When Brexit really starts to bite, and if we don’t have a deal secured, I don’t think the financial sector will instantly take flight, en masse, to Frankfurt, as the pessimists are predicting. Why? Because Frankfurt is rubbish for going out and having a good old party. And if there’s one thing City Types like, it’s having a party. Whatever market forces or monetary incentives start pulling the city’s brightest and best elsewhere, London’s clubs, bars and the vibrant infrastructure that supports them will make it a hard place to leave.

But this is no reason to sit back and relax. Our nightlife may have the competitive advantage for now, but without due care and attention, and with other major European cities looking to poach lucrative EU industries currently housed in the UK, in a few years it may be other cities’ nightlife drawing people overseas.

It is a worry that where Amsterdam and Berlin go to great lengths to celebrate and defend their nightlife, London and other UK cities are continually playing catch up. Amsterdam was the first city in the world to appoint a Night Mayor (Nacht Burgemeester sounds rather less ghoulish in the original Dutch), to officially act as an ambassador and defend the interests of the city’s night time stakeholders. Last year a German court declared the Berlin superclub Berghain as ‘High Culture’, a ruling that also slashed the club’s tax bill by over 60 percent.

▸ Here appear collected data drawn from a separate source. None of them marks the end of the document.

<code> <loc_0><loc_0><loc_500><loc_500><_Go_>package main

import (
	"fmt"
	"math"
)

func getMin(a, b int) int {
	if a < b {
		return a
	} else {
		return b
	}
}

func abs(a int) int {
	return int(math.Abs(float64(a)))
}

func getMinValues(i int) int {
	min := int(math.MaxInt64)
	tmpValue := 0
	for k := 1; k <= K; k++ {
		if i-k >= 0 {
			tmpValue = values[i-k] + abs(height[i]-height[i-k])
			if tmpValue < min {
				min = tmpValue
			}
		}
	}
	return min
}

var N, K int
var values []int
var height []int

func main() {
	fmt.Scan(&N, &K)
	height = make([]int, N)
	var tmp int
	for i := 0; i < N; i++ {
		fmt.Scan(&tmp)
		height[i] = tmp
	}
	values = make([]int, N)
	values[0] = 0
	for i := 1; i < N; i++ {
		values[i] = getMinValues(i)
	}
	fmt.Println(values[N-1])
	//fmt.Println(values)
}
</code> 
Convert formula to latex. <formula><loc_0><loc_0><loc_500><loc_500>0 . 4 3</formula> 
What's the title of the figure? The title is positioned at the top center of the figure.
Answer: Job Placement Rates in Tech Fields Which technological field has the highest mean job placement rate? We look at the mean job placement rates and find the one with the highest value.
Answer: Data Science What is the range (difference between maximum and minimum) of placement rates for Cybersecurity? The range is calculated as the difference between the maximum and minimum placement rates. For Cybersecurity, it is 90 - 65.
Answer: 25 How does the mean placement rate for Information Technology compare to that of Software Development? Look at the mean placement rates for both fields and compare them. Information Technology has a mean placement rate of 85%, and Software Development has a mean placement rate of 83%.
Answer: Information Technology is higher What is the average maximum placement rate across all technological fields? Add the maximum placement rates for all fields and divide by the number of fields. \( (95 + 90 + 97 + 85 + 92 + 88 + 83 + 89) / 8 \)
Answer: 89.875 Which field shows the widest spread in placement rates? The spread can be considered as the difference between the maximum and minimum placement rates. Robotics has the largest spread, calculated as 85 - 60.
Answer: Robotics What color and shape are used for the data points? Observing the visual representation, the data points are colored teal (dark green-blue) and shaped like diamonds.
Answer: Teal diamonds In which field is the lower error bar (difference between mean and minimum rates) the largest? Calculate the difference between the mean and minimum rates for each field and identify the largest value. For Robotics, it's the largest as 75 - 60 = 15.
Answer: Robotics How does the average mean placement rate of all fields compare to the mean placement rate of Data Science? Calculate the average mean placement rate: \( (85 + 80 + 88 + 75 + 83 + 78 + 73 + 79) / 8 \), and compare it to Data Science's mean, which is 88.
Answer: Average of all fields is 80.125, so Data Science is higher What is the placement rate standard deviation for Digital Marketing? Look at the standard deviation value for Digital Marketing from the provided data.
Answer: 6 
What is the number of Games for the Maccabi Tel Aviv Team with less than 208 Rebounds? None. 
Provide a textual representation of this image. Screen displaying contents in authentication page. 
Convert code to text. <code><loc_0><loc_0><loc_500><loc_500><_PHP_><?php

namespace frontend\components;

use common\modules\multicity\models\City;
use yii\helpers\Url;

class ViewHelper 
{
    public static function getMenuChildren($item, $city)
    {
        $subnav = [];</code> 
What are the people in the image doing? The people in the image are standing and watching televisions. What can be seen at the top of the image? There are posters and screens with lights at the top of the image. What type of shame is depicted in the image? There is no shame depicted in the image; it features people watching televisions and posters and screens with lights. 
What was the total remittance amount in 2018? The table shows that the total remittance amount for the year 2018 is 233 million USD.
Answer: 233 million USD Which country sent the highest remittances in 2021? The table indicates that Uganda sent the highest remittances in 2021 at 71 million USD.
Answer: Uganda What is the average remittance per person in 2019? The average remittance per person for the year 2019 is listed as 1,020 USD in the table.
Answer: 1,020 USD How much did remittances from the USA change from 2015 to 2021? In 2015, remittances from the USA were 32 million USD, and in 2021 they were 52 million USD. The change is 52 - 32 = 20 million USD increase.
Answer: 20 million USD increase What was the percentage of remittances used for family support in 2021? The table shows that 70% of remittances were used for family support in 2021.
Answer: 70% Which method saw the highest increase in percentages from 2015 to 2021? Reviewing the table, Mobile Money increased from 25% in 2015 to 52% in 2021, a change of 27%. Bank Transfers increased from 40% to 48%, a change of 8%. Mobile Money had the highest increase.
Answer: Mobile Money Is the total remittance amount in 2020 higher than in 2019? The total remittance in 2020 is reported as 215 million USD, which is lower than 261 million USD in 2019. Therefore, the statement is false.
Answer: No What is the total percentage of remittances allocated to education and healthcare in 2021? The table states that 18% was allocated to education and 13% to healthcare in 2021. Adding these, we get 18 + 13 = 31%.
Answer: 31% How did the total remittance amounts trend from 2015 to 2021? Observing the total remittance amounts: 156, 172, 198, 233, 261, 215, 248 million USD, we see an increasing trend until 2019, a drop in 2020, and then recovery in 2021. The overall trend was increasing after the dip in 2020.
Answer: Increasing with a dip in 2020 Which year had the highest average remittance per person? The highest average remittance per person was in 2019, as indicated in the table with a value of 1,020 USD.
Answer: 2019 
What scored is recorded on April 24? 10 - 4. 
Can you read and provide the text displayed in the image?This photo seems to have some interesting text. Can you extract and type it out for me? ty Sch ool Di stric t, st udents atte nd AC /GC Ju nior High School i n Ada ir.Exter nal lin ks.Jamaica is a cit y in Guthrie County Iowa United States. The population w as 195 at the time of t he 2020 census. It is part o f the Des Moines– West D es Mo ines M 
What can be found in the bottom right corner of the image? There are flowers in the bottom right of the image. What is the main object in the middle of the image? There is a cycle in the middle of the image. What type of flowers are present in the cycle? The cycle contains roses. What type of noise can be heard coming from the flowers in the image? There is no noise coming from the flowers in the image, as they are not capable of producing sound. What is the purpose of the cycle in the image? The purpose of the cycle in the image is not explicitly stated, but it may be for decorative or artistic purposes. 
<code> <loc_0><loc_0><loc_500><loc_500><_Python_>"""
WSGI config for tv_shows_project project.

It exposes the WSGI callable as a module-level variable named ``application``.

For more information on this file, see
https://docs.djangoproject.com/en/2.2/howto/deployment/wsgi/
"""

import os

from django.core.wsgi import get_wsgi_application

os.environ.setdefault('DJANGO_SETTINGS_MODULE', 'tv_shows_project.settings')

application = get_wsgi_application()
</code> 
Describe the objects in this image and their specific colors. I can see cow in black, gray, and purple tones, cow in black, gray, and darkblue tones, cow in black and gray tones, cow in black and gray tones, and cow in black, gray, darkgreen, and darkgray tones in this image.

Sadiq Khan has, for his part, overseen the eventual introduction of the Night Tube, instituted a Night Czar, and championed measures like the Agent of Change principle, that seeks to ease clashes between developers and venues. All this is part of his plan to turn London into a 24 hour city. Elsewhere, the picture is less optimistic, with night time venues at the mercy of councils that may are may not be supportive of their contribution to the local economy. Despite rumblings of support for a Manchester Night Czar during the Mayoral elections this year, an announcement for the position has yet to materialise from Andy Burnham’s office.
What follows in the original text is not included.